[[ Data supplied open ]]
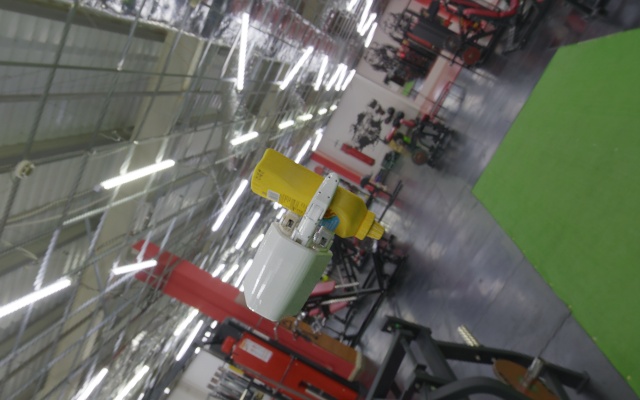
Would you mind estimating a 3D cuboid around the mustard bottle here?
[{"bbox_3d":[0.000,0.002,0.658,0.191,0.058,0.096,28,-23,1],"label":"mustard bottle"}]
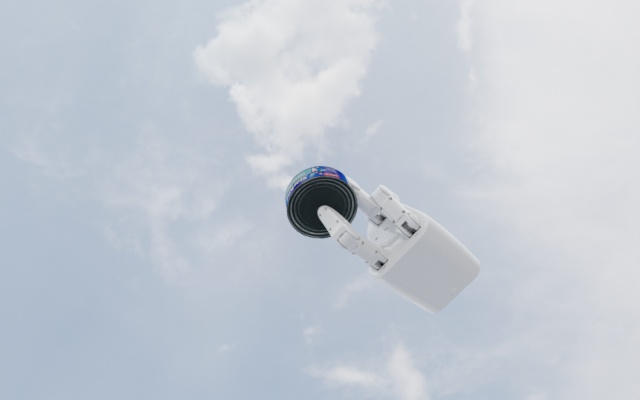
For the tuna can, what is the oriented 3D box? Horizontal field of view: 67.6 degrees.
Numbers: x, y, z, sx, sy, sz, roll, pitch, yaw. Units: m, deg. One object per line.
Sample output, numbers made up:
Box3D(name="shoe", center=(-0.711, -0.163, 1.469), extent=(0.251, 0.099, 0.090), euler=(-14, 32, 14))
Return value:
Box3D(name="tuna can", center=(0.000, 0.002, 0.581), extent=(0.086, 0.086, 0.033), euler=(0, 29, -10))
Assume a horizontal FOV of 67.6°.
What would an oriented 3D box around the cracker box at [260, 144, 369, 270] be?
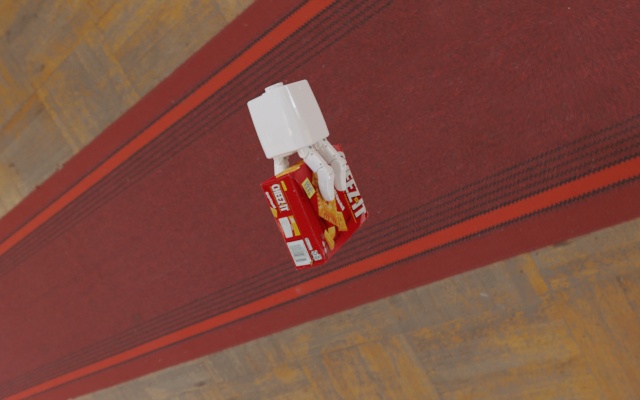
[{"bbox_3d":[0.000,0.003,0.871,0.072,0.164,0.213,-15,12,31],"label":"cracker box"}]
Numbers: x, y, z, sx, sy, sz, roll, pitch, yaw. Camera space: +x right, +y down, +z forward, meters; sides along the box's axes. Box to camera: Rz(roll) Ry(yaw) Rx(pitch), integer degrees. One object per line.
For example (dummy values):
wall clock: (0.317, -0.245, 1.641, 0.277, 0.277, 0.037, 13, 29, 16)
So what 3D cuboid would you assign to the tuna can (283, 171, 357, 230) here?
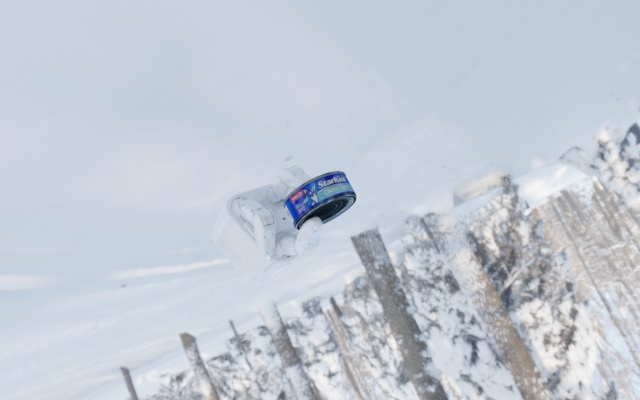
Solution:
tuna can: (0.000, 0.002, 0.576, 0.086, 0.033, 0.086, -25, -17, -8)
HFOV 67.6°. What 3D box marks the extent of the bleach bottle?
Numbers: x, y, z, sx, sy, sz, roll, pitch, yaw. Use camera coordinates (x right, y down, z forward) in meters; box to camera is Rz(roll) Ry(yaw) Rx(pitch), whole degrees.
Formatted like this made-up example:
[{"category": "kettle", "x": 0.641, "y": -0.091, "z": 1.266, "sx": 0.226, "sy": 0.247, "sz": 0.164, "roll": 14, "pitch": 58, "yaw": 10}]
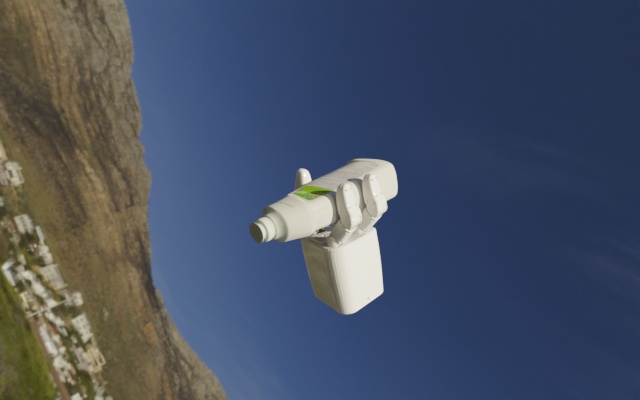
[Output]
[{"category": "bleach bottle", "x": 0.000, "y": 0.002, "z": 0.691, "sx": 0.251, "sy": 0.068, "sz": 0.102, "roll": -24, "pitch": 20, "yaw": -40}]
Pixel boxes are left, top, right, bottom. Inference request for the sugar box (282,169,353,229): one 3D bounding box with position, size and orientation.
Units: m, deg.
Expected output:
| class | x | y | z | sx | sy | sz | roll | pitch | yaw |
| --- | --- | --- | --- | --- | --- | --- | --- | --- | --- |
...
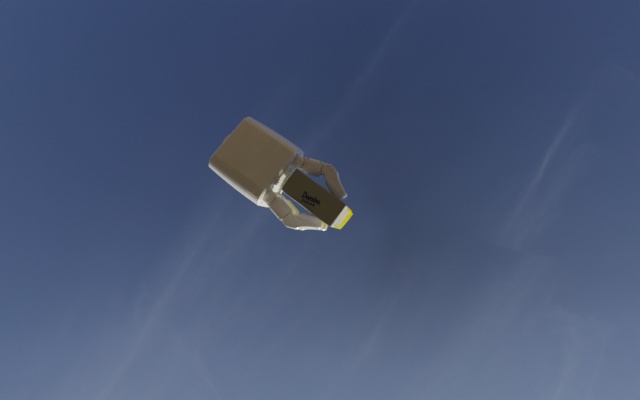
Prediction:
| class | x | y | z | sx | sy | sz | roll | pitch | yaw |
| --- | --- | --- | --- | --- | --- | --- | --- | --- | --- |
| sugar box | 0.000 | 0.003 | 0.760 | 0.093 | 0.048 | 0.176 | 36 | 3 | 9 |
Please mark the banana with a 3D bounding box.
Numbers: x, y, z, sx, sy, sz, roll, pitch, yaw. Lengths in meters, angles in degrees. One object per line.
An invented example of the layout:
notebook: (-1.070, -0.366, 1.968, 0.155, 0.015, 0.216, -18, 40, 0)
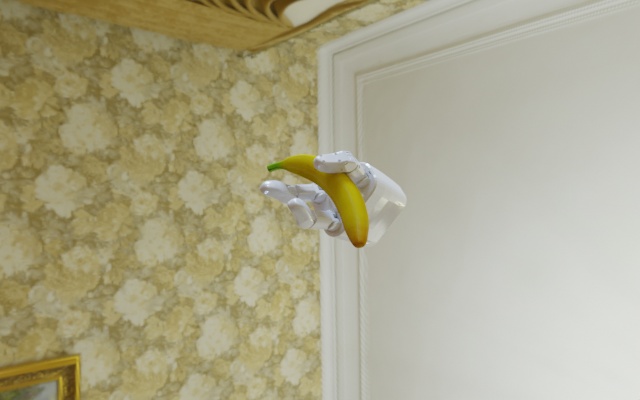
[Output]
banana: (0.011, -0.013, 0.643, 0.197, 0.069, 0.037, 40, -7, 36)
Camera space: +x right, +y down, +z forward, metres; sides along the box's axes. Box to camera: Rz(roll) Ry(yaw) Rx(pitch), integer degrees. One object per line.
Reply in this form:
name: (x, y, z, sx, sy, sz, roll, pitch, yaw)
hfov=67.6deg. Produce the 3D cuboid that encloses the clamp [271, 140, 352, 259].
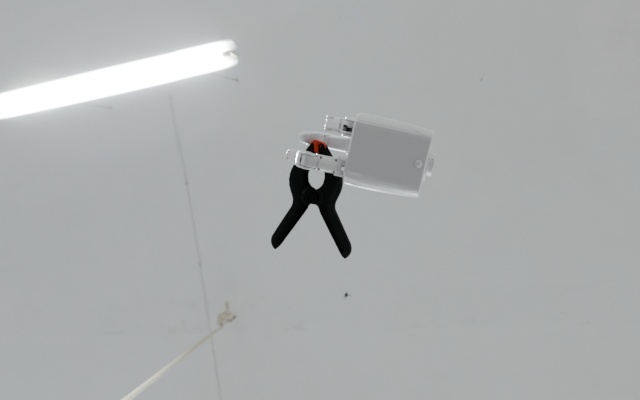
clamp: (0.000, 0.002, 0.690, 0.120, 0.171, 0.039, 14, 10, 7)
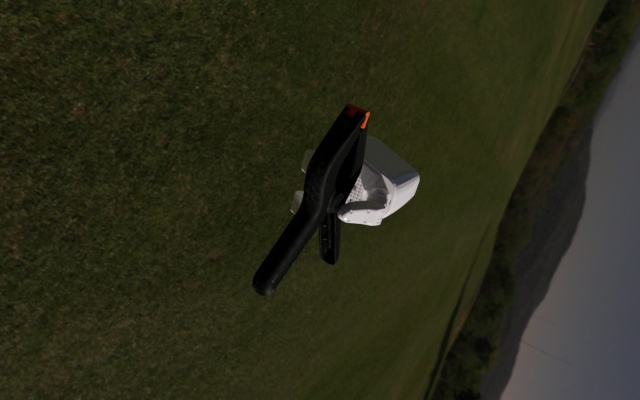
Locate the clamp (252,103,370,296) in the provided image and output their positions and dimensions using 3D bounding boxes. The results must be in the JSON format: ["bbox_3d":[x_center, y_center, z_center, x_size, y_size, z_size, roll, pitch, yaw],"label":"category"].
[{"bbox_3d":[0.001,0.001,0.511,0.036,0.210,0.164,26,24,22],"label":"clamp"}]
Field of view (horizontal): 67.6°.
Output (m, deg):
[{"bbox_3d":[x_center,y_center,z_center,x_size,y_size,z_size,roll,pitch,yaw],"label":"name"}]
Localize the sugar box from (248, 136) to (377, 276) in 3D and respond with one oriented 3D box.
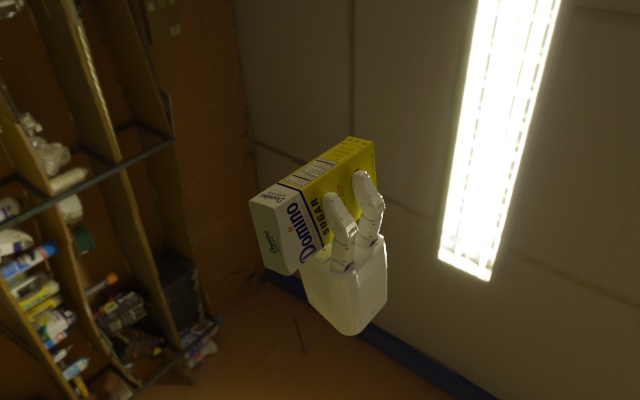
[{"bbox_3d":[0.001,0.002,0.563,0.048,0.093,0.176,16,40,35],"label":"sugar box"}]
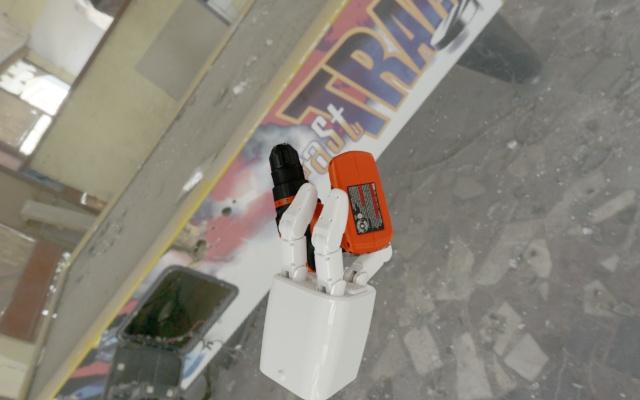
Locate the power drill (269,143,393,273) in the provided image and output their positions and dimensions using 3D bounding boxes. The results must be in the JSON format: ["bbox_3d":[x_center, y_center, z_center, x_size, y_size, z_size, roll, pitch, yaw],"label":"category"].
[{"bbox_3d":[0.000,0.002,0.561,0.057,0.184,0.188,-13,-5,-27],"label":"power drill"}]
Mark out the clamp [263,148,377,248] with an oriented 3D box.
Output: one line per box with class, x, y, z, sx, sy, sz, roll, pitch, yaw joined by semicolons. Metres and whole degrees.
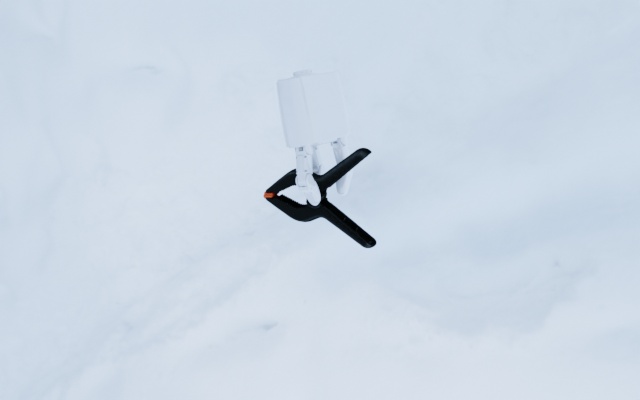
clamp;-0.001;0.003;0.800;0.210;0.164;0.036;-4;14;30
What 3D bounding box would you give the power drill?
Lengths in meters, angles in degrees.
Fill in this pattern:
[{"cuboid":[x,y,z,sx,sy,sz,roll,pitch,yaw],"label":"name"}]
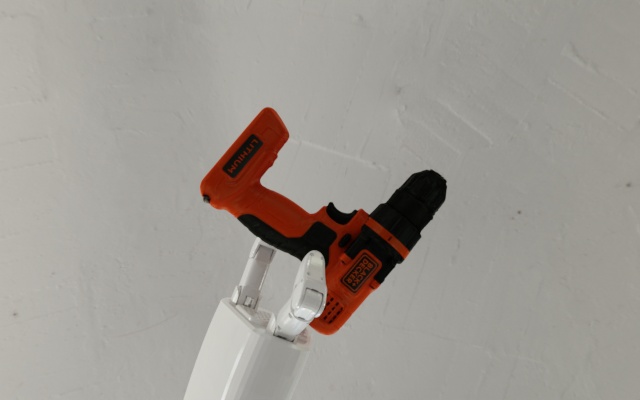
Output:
[{"cuboid":[0.000,0.001,0.443,0.187,0.184,0.057,41,-5,3],"label":"power drill"}]
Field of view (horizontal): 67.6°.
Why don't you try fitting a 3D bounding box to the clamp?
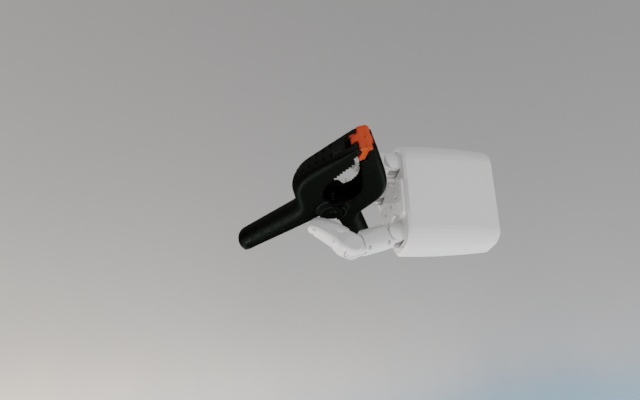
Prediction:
[{"bbox_3d":[0.001,0.002,0.497,0.164,0.036,0.210,-1,-33,-12],"label":"clamp"}]
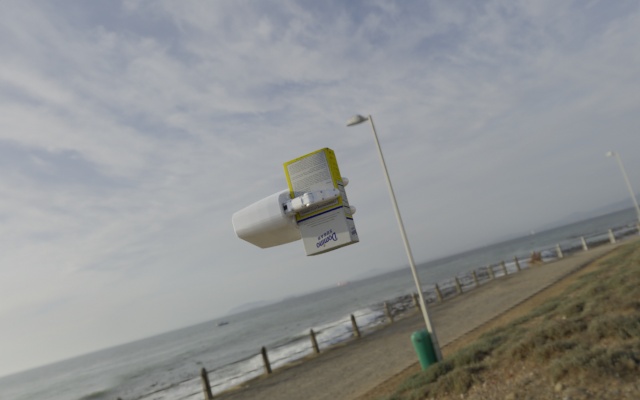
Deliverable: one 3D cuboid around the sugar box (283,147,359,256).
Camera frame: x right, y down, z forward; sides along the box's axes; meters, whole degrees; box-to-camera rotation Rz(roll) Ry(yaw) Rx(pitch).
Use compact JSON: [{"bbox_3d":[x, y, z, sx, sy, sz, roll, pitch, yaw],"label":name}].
[[ Data supplied closed ]]
> Work to complete
Once the line containing "Assume a horizontal FOV of 67.6°." has been located, transcribe exactly and only every line from the first line of the entries through it, excluding pictures.

> Result for this task
Would you mind estimating a 3D cuboid around the mustard bottle here?
[{"bbox_3d":[0.000,0.002,0.658,0.191,0.058,0.096,28,-23,1],"label":"mustard bottle"}]
For the tuna can, what is the oriented 3D box? Horizontal field of view: 67.6 degrees.
Numbers: x, y, z, sx, sy, sz, roll, pitch, yaw. Units: m, deg. One object per line.
Sample output, numbers made up:
Box3D(name="shoe", center=(-0.711, -0.163, 1.469), extent=(0.251, 0.099, 0.090), euler=(-14, 32, 14))
Return value:
Box3D(name="tuna can", center=(0.000, 0.002, 0.581), extent=(0.086, 0.086, 0.033), euler=(0, 29, -10))
Assume a horizontal FOV of 67.6°.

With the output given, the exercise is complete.